At the current state of the genome-sequencing project, ascription of a gene to a particular chromosome cannot be made with accuracy. This is due to limitations in the technique used to separate the individual chromosomes. Libraries for a particular chromosome are contaminated to 50% with sequences from all other chromosomes. However, based on the frequency of reads from a particular library for a given contig, its localisation can be estimated in some cases, for example for rac1b, racF1 and racH (chromosome 1), racB, racE and racF2 (chromosome 2) and racJ (chromosome 6). Except for rac1b and ΨracK, Dictyostelium rac genes do not appear to form clusters in the genome, at least in the range of our contigs.

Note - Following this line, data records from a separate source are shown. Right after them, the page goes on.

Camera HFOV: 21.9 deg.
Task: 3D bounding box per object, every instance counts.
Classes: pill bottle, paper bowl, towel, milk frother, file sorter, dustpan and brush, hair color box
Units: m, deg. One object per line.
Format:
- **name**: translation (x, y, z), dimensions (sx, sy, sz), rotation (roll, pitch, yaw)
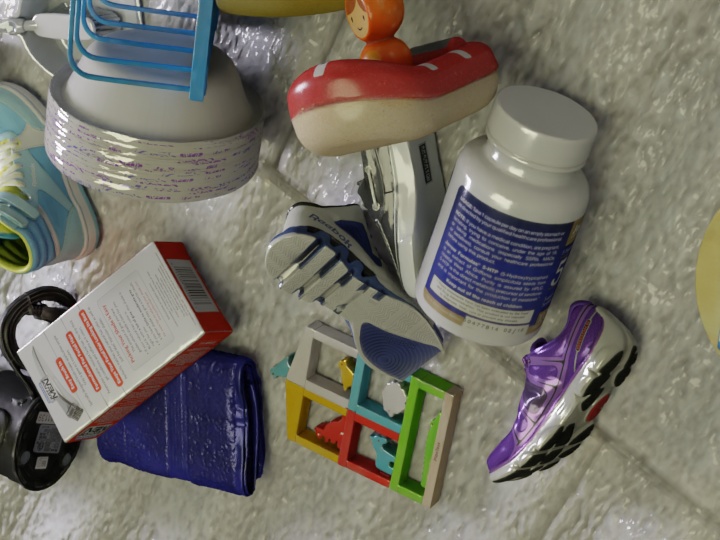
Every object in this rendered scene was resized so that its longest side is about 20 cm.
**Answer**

Comparison of genomic and EST sequences was used to identify and analyse introns and termination regions. Due to the nature of the library sequenced by the Dictyostelium cDNA project, with clones of variable length at the 5′ extreme that in some cases do not reach the start codon, no attempt has been made to identify putative transcription start sites. For the same reason, additional introns located upstream of the coding region of some genes could have been missed. For racF1 and racL, for which EST clones are not available, introns were deduced by comparison with other rac genes. Every rac gene is interrupted by at least one and up to four introns. In rac1a, racB, racC and racG there is at least one intron located upstream of the start codon. The only rac gene not interrupted by introns in the coding region is racG. The presence of so many introns contrasts remarkably with the relative paucity of introns of most Dictyostelium genes, as is evident from a comparison with adjacent genes in Figure 1.
We have identified and annotated protein ORFs, tRNA genes and repetitive elements present upstream and downstream of rac genes. This information is depicted in Figure 1 and described in Table S1 (see Supplementary Material). The average length of the intergenic regions in our sample, as calculated from start to start, start to stop or stop to stop codons, was 727 nt. This distance is much shorter if only untranscribed regions are considered. For example, the transcripts of racJ and lagC3 overlap at their 3′ ends (Fig. 1), leaving virtually no intergenic region. Intergenic regions are larger (1.2 kb on average) between start codons, indicating a higher requirement of sequence length for the transcription machinery and the regulatory elements at the promoter regions.
Expression of rac genes throughout development
One prominent feature of the Dictyostelium life cycle is the transition from single-cell amoebae to a multicellular fruiting body consisting of at least two differentiated cell types. This transition is triggered by starvation of the cells and involves coordinated transcription of certain genes and differentiation and sorting out of cell populations. A previous report had shown complex patterns of developmental regulation for rac1a/1b/1c, racB, racC and racD (8). We have used northern blot analysis to study the expression of the remaining rac genes during synchronised development on nitrocellulose filters. In addition, knowledge of the full-length sequence of racA prompted us to repeat analysis of the expression pattern of this gene. For this gene Bush et al. (8) reported a transcript of 0.9 kb, clearly not compatible with the 1.8 kb of coding sequences described here. This result was probably due to cross-hybridisation with another rac gene; therefore, we used sequences derived from the 3′ region of racA in the northern blot analysis.
Rac genes display diverse patterns of developmental regulation. Genes like racA and racI are very weakly expressed at all stages and display maximum levels after 12 h of starvation, corresponding to the first finger stage (Fig. 2). In contrast, racE, racG and racH are present at high levels throughout the developmental cycle. RacE levels increase at late developmental stages, with a maximum at 12 h. Finally, racJ and racL are of special interest, being expressed at low levels and exclusively after 12 h of starvation, when culmination and maturation of the fruiting body take place. For racH, racJ and racL we have observed two or more transcripts of different sizes. This has been reported previously for rac1a/1b/1c and racD (8) and for racF1/F2 (10).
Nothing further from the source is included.